**WORK TO BE COMPLETED**
Use the entries below and reproduce exactly the lines from the one containing "#2 car [285,199,333,216]" down to the one containing "Answer as CSV", both of them included.
Start of Block
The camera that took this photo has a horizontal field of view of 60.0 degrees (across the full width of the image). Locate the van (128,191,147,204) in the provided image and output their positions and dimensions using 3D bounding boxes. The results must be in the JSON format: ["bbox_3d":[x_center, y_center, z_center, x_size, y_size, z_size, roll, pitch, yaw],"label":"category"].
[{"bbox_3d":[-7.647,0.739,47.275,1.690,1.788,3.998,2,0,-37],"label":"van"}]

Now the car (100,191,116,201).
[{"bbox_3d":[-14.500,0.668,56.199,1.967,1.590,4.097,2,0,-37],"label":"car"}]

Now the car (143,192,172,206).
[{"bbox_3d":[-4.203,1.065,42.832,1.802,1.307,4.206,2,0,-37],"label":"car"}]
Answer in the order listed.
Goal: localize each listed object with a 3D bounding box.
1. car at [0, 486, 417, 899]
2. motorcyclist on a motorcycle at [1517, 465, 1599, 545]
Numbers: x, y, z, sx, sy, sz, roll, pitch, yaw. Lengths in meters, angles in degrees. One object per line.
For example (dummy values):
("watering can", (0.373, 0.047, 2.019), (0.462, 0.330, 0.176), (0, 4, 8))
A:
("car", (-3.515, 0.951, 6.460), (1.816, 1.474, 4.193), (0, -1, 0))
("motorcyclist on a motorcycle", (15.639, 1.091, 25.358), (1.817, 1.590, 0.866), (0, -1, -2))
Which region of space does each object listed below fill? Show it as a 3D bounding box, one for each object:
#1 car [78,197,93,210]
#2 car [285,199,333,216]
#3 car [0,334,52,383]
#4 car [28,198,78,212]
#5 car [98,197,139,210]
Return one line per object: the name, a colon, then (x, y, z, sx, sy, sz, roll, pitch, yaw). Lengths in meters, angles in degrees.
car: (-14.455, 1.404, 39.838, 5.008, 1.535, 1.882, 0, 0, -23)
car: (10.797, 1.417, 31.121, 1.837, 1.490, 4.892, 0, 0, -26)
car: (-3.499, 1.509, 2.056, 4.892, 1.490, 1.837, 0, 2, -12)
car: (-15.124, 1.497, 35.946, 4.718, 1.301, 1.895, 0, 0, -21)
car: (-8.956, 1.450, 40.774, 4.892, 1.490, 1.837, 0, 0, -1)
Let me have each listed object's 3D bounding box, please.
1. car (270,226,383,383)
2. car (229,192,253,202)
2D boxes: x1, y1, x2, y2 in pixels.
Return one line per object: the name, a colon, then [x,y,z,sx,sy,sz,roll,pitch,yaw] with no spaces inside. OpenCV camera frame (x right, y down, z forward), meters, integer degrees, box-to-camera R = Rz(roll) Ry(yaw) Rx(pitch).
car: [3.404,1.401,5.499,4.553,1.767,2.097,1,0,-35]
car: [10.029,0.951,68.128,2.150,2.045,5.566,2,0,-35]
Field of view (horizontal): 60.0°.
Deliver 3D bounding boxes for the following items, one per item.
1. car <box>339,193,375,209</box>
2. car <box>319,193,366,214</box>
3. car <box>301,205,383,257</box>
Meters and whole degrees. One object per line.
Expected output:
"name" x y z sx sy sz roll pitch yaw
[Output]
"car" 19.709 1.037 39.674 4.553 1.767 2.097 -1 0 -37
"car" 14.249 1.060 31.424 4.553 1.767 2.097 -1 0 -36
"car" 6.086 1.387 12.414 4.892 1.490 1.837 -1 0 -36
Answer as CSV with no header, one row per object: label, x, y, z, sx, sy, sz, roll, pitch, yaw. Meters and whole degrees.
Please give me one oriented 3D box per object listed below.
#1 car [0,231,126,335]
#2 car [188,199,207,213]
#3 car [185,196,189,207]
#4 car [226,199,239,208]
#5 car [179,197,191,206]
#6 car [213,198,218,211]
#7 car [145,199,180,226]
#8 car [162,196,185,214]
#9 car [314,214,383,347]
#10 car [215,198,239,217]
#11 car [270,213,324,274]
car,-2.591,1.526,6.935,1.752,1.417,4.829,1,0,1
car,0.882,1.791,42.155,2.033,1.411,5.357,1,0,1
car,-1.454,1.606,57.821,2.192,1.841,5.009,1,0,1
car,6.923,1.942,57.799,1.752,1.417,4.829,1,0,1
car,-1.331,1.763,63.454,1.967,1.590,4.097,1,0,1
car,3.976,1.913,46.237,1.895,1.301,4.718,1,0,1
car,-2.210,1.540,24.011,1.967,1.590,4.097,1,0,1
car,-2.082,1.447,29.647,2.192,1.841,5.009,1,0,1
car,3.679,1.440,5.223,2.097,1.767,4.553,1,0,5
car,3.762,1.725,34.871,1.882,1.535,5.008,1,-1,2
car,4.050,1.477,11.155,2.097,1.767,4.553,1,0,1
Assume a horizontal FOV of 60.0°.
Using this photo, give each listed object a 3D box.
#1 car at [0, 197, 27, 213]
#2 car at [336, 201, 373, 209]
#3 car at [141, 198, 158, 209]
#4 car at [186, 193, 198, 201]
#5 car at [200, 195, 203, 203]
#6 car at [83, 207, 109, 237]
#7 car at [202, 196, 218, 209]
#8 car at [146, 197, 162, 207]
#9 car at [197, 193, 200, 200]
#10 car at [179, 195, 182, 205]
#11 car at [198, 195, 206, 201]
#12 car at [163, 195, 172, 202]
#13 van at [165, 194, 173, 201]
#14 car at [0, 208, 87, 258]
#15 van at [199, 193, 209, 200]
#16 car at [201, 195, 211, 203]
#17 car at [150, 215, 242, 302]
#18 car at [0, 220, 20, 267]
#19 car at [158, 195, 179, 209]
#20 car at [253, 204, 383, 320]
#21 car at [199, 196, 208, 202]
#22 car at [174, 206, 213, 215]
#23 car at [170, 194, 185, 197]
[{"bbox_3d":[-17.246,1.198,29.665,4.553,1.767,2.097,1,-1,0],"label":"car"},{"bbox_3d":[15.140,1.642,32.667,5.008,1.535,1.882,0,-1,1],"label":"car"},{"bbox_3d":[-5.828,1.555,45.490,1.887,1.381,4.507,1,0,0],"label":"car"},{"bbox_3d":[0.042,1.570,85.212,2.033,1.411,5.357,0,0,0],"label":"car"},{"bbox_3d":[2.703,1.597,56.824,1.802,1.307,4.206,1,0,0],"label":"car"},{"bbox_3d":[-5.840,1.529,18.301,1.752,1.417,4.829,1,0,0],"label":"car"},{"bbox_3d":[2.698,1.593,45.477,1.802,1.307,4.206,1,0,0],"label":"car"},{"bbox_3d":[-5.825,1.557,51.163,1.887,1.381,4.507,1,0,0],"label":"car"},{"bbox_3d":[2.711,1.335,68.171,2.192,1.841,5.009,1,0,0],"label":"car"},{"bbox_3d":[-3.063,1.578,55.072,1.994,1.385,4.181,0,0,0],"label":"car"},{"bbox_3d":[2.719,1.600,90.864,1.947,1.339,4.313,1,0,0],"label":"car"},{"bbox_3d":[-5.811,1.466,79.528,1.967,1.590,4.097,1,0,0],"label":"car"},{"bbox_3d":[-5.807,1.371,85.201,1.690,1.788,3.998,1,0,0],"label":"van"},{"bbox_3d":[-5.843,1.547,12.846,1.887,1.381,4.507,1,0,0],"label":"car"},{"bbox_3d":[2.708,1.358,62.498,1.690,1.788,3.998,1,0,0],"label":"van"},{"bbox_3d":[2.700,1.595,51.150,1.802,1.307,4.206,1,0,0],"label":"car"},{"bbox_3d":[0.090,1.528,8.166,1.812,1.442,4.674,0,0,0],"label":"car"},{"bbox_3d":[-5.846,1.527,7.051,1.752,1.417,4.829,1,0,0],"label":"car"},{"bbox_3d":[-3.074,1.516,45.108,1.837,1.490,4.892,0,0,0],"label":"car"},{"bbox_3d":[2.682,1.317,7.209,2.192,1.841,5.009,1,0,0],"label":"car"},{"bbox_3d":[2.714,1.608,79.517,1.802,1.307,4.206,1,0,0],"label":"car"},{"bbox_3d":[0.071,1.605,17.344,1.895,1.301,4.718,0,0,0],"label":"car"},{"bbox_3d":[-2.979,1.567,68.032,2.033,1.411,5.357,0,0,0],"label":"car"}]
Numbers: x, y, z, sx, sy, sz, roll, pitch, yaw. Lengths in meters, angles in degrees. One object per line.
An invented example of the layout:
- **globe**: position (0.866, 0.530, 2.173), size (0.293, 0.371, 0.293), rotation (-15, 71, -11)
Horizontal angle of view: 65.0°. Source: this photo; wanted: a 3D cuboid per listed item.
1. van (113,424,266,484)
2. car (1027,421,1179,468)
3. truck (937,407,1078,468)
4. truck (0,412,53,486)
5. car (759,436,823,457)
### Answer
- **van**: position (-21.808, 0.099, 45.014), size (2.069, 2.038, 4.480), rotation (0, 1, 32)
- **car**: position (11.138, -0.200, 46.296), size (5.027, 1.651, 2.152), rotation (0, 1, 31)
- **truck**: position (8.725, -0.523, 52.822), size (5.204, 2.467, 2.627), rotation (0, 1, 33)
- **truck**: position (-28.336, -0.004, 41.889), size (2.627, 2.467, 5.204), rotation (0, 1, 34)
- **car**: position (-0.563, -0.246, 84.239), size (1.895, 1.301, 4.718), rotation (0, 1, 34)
End of Block
**RESPONSE**
#2 car [285,199,333,216]
#3 car [0,334,52,383]
#4 car [28,198,78,212]
#5 car [98,197,139,210]
Return one line per object: the name, a colon, then (x, y, z, sx, sy, sz, roll, pitch, yaw). Lengths in meters, angles in degrees.
car: (-14.455, 1.404, 39.838, 5.008, 1.535, 1.882, 0, 0, -23)
car: (10.797, 1.417, 31.121, 1.837, 1.490, 4.892, 0, 0, -26)
car: (-3.499, 1.509, 2.056, 4.892, 1.490, 1.837, 0, 2, -12)
car: (-15.124, 1.497, 35.946, 4.718, 1.301, 1.895, 0, 0, -21)
car: (-8.956, 1.450, 40.774, 4.892, 1.490, 1.837, 0, 0, -1)
Let me have each listed object's 3D bounding box, please.
1. car (270,226,383,383)
2. car (229,192,253,202)
2D boxes: x1, y1, x2, y2 in pixels.
Return one line per object: the name, a colon, then [x,y,z,sx,sy,sz,roll,pitch,yaw] with no spaces inside. OpenCV camera frame (x right, y down, z forward), meters, integer degrees, box-to-camera R = Rz(roll) Ry(yaw) Rx(pitch).
car: [3.404,1.401,5.499,4.553,1.767,2.097,1,0,-35]
car: [10.029,0.951,68.128,2.150,2.045,5.566,2,0,-35]
Field of view (horizontal): 60.0°.
Deliver 3D bounding boxes for the following items, one per item.
1. car <box>339,193,375,209</box>
2. car <box>319,193,366,214</box>
3. car <box>301,205,383,257</box>
Meters and whole degrees. One object per line.
Expected output:
"name" x y z sx sy sz roll pitch yaw
[Output]
"car" 19.709 1.037 39.674 4.553 1.767 2.097 -1 0 -37
"car" 14.249 1.060 31.424 4.553 1.767 2.097 -1 0 -36
"car" 6.086 1.387 12.414 4.892 1.490 1.837 -1 0 -36
Answer as CSV with no header, one row per object: label, x, y, z, sx, sy, sz, roll, pitch, yaw. Meters and whole degrees.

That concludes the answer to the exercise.